**Entries shown:**
╔══

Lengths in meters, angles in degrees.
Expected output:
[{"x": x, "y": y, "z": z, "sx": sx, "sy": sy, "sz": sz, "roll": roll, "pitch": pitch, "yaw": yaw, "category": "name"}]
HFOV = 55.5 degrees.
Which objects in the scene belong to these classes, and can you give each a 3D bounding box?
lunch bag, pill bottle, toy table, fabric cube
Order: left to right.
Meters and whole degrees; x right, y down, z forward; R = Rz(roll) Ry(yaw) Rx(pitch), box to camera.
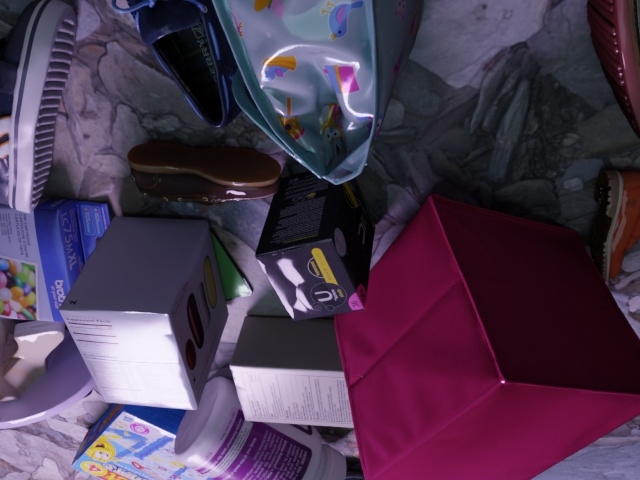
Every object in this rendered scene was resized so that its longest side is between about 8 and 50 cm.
[{"x": -0.530, "y": 0.198, "z": 1.020, "sx": 0.274, "sy": 0.252, "sz": 0.161, "roll": -19, "pitch": 144, "yaw": -11, "category": "toy table"}, {"x": -0.105, "y": 0.394, "z": 1.139, "sx": 0.301, "sy": 0.169, "sz": 0.169, "roll": 34, "pitch": 128, "yaw": -18, "category": "pill bottle"}, {"x": 0.010, "y": -0.213, "z": 0.553, "sx": 0.160, "sy": 0.223, "sz": 0.262, "roll": -1, "pitch": 132, "yaw": 19, "category": "lunch bag"}, {"x": 0.198, "y": 0.136, "z": 0.764, "sx": 0.254, "sy": 0.259, "sz": 0.258, "roll": 11, "pitch": 135, "yaw": -25, "category": "fabric cube"}]

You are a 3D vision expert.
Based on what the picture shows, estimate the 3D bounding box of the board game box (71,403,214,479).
[{"x": -0.320, "y": 0.446, "z": 1.280, "sx": 0.308, "sy": 0.086, "sz": 0.302, "roll": 32, "pitch": 129, "yaw": -17, "category": "board game box"}]

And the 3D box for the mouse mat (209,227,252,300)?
[{"x": -0.219, "y": 0.052, "z": 0.972, "sx": 0.190, "sy": 0.007, "sz": 0.152, "roll": -13, "pitch": 127, "yaw": 19, "category": "mouse mat"}]

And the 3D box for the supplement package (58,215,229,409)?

╚══

**What the task requires:**
Locate the word "degrees" in the records and collect each line it appears in.

**Response:**
Lengths in meters, angles in degrees.
HFOV = 55.5 degrees.
Meters and whole degrees; x right, y down, z forward; R = Rz(roll) Ry(yaw) Rx(pitch), box to camera.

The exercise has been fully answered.